Детство я провел в прекрасном солнечном поселке Джубга, где плескалось Черное море и жизнь казалась бесконечной. Утро в доме моей прабабушки, Анны Михайловны Люлькиной, начиналось с похода в огород. Ступая босиком по острым и неуклюжим комьям земли, я пробирался к клубнике и срывал ягоды, спелые и не очень. Прабабушка же частенько ходила с утра на джубгский рынок, и потому к моему пробуждению на столике у кровати лежали персики, виноград и арбузы. Я был любимым, очень любимым ребенком.

Бывало и так, что мы ходили на рынок с ней вместе. Сначала аккуратно огибали опасный поворот на трассе, а потом шагали вдоль трассы по извилистым улочкам, мимо площади, где вечно бибикал и чадил автовокзал. Напротив автовокзала всегда была стихийная парковка, где аборигены и отдыхающие стояли на солнце, лениво опираясь на свои авто и убивая время разговорами. Машины эти были совсем советские, чаще всего "Лады", и если водитель был местным армянином, то машина была вся в побрякушках и безделушках. На лобовом же или заднем стекле любитель украшений часто выставлял портретик Сталина. Я запомнил эти бумажки: черно-белые, с усатым человеком в военной фуражке и нагловатой улыбкой на губах. Иногда для пущей красоты портреты слегка подрисовывались шариковой ручкой или фломастером, и тогда фуражка становилась желтой, а зрачки глаз синими.

Мы с прабабушкой никогда не проходили мимо. Она обязательно подходила к такой машине и, прикасаясь к стеклу, крутила Сталину дулю: "вот тебе, вот тебе, сволочь". Ошалев от такой бесцеремонности, одни водители молчали, а другие начинали возмущаться, по-кавказски вскидывая руки в страстных жестах. Прабабушка же, исполнив свой ритуал, удалялась вместе со мной, демонстративно не замечая окружающих. Порой мы встречали такие автомобили просто припаркованными вдоль дороги, но их ждала та же участь.

В ее огромном дворе, разделенном аллеями и огородами, постоянно жили отдыхающие, снимавшие летние домики. Прабабушка никогда не стеснялась политических разговоров, а джубгских милиционеров называла мильтонами. Помню, как совсем маленький мальчик все говорил родителям, мол, надо бы в милицию сообщить об оскорблениях. Такой малыш, а уже был государственником! Шло начало восьмидесятых.

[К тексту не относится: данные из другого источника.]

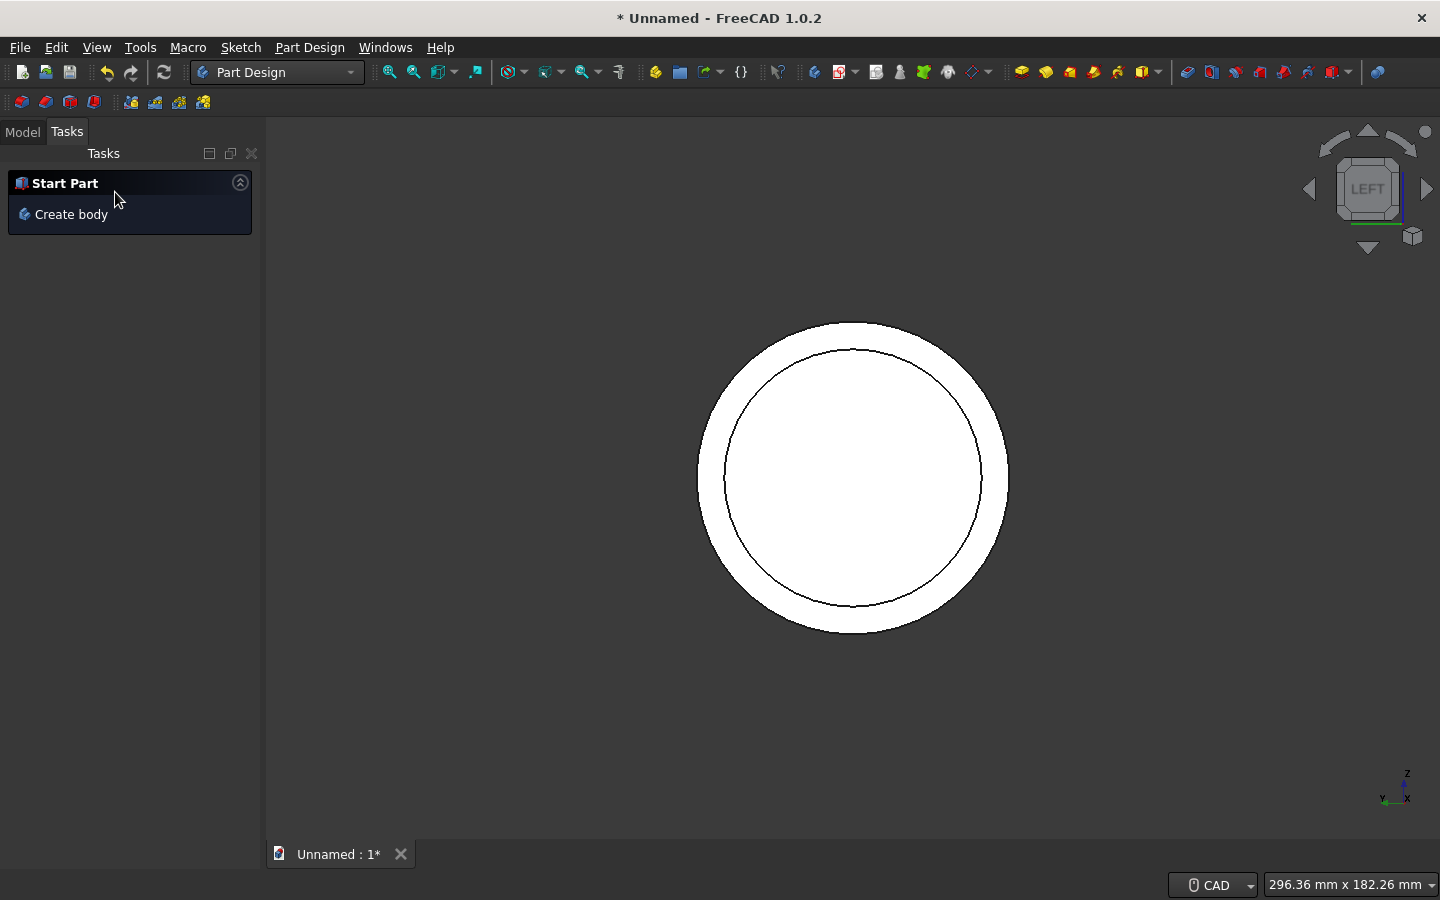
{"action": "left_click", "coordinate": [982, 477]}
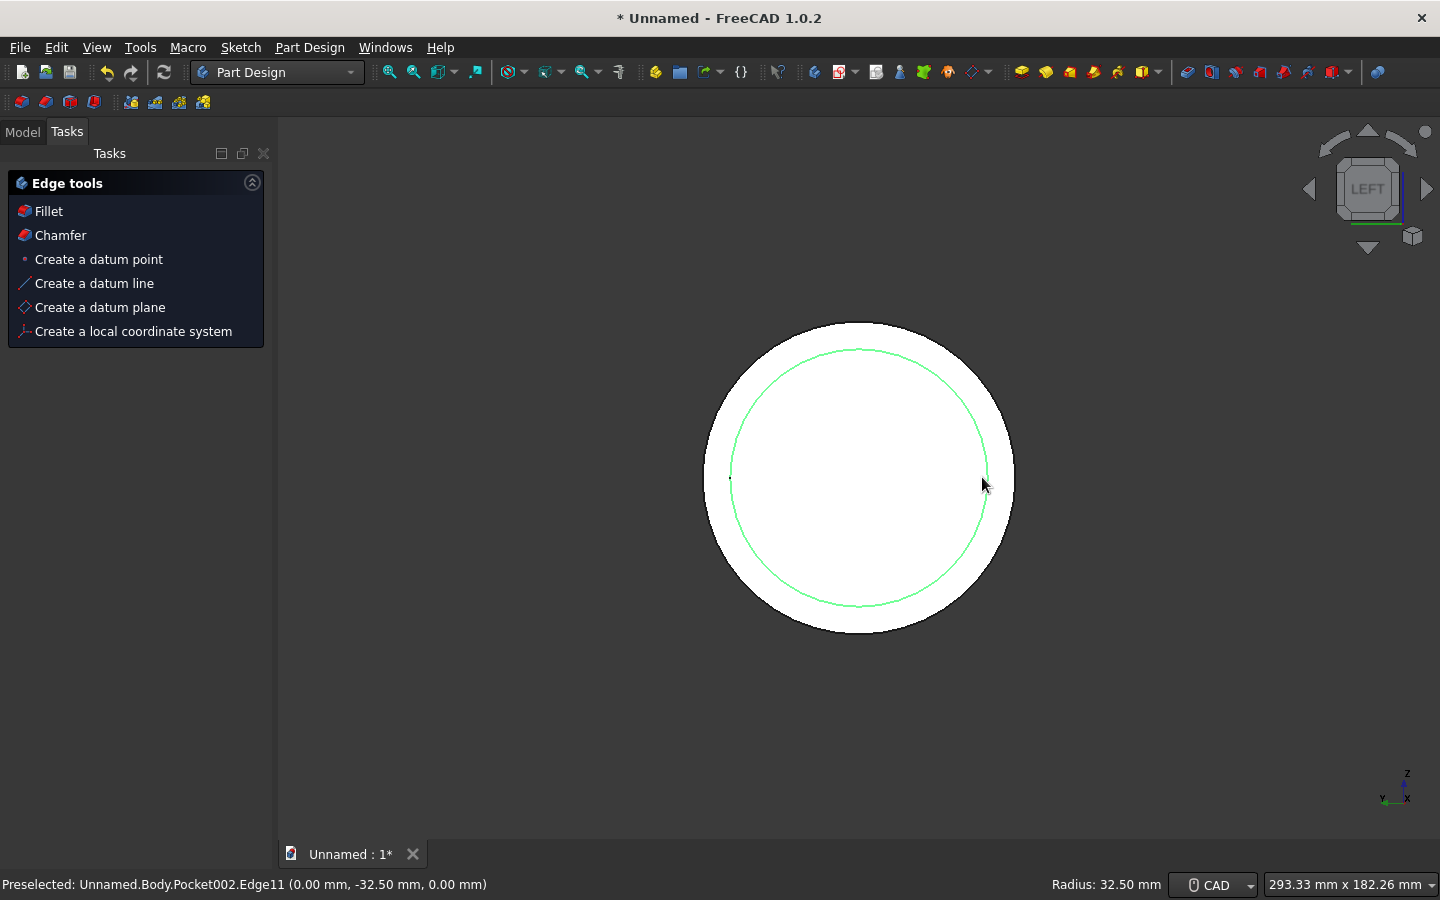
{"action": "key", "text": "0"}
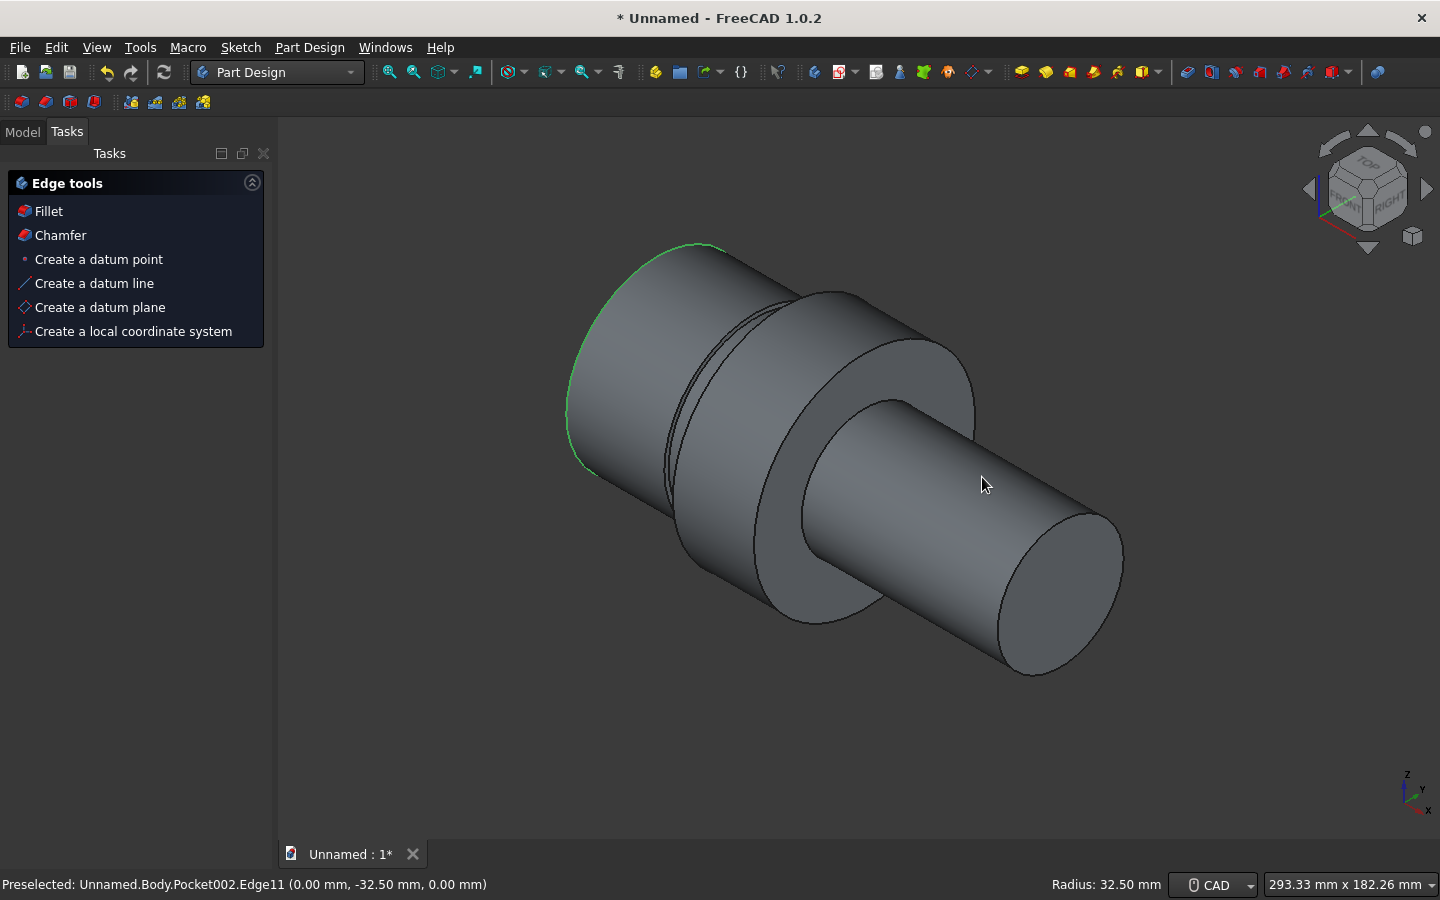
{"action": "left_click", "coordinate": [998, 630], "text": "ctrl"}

По вечерам курортный дворовой народ стекался в центр усадьбы. Под виноградниками, растянутыми над двором на железных трубах, стоял большой стол. На нем играли в карты и лото, пили вино и развлекались рассказами и анекдотами. Я сидел вместе со всеми, гордясь принадлежностью ко взрослой компании и пытаясь уловить суть разговоров. Из них-то я и узнал, почему прабабушка ненавидела Сталина. Оказалось, что моего прадедушку звали Прокофий Васильевич Люлькин, и он в поселке был человеком заметным, потому что был врачом. После войны на него положила глаз барышня из соседнего двора, но заводить с ней шашни прадед не стал. И тогда барышня настучала в НКВД, что во время оккупации Прокофий Васильевич делал уколы немцам.

Ясное дело, прадеда увели под белы руки и закрыли в тюрьме Армавира. Через полгодика разобрались и отпустили, но было уже поздно. В тюрьме от постоянного холода он получил болезнь легких и, вернувшись домой, прожил недолго. Помню и прабабушкины рассказы о том, как на прогулках его били охранники с криками "ниже голову, враг народа!". С тех пор я не люблю охранников, какого бы засола и цвета они ни были.

Все мы из детства, и мое было морским и соленым. Детство, из которого я вынес в жизнь огромную любовь, синие волны, виноград, клубнику и то, что Сталин – сволочь. Если так говорила Анна Михайловна Люлькина, значит, так оно и есть до самого конца.